The level of the test is 5%, so we should reject 5% of the time under the null.
The curve is the power curve, i.e., the percentage of rejection of the null hypothesis for one-sample \(t\)-test. The further away from the true value \(\mu\), the higher the ability to detect departures from \(\mathscr{H}_0\). Because we set \(\alpha=0.05\), the curve should be around 0.05 near \(\mu\) and increase towards 1 as we move away from the true population mean.
Power increases if the sample size \(n\) increases, so we expect to see the curve be higher everywhere, but at \(\mu\) where it should be close to \(0.05\) if the test is calibrated.
The data are clearly not symmetric and heavily discretized, yet the power curve of the one-sample \(t\)-test is steadily increasing and the nominal level matches the type I error. This illustrates the robustness of the test to departures from normality.
The histogram for the mean difference in Figure 1 looks symmetric and light-tailed, and centered around 0.28, whereas the \(p\)-values are scattered in the unit interval, with some values closer to zero.
Figure 1: Left: density plot of the mean difference price for high-speed train tickets from Madrid to Barcelona versus Barcelona to Madrid, along with average (gray vertical line). Right: histogram of p-values.
The power is \(0.105\). Under the alternative regime (since \(\Delta=0.28\)€), we only reject 10.5% of the time. While this number is low, it is due to the small size of the true mean difference, which is hard to detect unless the sample size is enormous.

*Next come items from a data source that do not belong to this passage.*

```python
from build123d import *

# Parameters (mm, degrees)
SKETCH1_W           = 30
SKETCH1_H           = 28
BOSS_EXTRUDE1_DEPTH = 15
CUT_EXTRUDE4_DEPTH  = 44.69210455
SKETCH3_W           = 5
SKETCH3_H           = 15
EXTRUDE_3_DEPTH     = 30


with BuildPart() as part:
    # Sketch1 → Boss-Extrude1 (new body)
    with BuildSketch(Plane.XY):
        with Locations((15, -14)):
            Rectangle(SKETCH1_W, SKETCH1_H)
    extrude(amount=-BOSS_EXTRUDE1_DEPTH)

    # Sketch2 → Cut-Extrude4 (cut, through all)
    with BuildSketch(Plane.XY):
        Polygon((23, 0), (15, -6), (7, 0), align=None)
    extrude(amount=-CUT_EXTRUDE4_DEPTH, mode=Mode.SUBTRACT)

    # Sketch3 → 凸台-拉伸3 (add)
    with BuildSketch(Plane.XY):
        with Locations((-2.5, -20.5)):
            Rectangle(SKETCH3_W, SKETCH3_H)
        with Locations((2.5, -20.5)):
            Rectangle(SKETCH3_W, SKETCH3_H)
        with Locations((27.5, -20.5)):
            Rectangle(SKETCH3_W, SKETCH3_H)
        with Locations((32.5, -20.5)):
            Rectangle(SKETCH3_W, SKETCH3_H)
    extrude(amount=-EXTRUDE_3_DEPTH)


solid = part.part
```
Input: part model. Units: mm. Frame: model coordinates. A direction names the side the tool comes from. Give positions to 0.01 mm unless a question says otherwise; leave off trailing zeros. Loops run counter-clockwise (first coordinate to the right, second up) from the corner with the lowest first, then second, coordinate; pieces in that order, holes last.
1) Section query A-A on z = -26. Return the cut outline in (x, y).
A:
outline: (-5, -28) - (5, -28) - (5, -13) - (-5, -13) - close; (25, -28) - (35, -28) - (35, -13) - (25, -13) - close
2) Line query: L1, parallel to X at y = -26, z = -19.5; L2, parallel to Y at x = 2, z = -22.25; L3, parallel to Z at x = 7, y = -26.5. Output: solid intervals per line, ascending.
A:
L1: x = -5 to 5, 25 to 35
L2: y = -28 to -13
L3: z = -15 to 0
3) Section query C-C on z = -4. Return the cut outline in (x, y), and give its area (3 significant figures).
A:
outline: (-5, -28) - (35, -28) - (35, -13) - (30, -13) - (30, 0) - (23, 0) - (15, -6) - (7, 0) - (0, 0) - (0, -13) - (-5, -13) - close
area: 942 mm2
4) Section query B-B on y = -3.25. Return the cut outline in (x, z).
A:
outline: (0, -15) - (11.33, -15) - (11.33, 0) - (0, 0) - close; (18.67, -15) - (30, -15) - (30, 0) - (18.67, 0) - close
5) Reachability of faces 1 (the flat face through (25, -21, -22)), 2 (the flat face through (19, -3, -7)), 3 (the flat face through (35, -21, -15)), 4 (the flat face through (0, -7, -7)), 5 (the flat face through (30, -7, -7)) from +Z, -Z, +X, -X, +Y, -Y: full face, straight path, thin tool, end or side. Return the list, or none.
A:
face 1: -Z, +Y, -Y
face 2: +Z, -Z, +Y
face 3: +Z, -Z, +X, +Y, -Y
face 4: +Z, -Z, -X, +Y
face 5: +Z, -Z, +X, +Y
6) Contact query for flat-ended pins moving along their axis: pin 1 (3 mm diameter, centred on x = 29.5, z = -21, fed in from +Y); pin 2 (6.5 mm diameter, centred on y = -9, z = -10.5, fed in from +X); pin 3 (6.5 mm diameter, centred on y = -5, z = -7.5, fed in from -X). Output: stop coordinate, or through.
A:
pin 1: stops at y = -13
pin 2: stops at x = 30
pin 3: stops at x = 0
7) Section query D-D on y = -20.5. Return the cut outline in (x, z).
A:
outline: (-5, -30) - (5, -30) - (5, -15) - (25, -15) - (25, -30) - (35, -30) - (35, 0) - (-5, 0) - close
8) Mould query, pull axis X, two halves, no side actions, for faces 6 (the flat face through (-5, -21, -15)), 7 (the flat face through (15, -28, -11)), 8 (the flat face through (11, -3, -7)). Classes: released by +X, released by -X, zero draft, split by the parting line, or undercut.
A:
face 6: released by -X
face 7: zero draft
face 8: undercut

The estimated mean difference for the sample is \(0.274\)€.
Code
t.test(price ~ dest, data = renfe_sub)
Welch Two Sample t-test
data: price by dest
t = -1.9433, df = 9170.2, p-value = 0.05201
alternative hypothesis: true difference in means between group Barcelona-Madrid and group Madrid-Barcelona is not equal to 0
95 percent confidence interval:
-1.652691253 0.007157275
sample estimates:
mean in group Barcelona-Madrid mean in group Madrid-Barcelona
87.40053 88.22329
Code
mean(renfe_simu$pval <0.05)
[1] 0.105
Solution to Exercise 1.3
Careful here, as the price of the REXPRESS tickets is fixed at 43.25€. The only random sample is for the other class of train!
Code
with(renfe,t.test(x = price,mu =43.25,conf.level =0.9,subset = type =="AVE-TGV"))
One Sample t-test
data: price
t = 197.9, df = 9999, p-value < 2.2e-16
alternative hypothesis: true mean is not equal to 43.25
90 percent confidence interval:
85.73892 86.45119
sample estimates:
mean of x
86.09505
The null hypothesis is \(\mathscr{H}_0: \mu_{\text{AVE-TGV}}=43.25\)€ against the alternative \(\mathscr{H}_1: \mu_{\text{AVE-TGV}}\neq 43.25\)€, where \(\mu_{\text{AVE-TGV}}\) is the average AVE-TGV ticket price.
Since this is a one-sample location problem, we use a one-sample \(t\)-test.
The estimated mean difference is \(45.63\)€\(= 88.88\)€\(-43.25\)€, with 90% confidence interval for the mean difference of \([44.14, 47.12]\).
The \(t\)-statistic is 50.519 with 428 degrees of freedom, and the \(p\)-value is negligible.
We strongly reject the null hypothesis that high-speed trains are the same price as RegioExpress ones.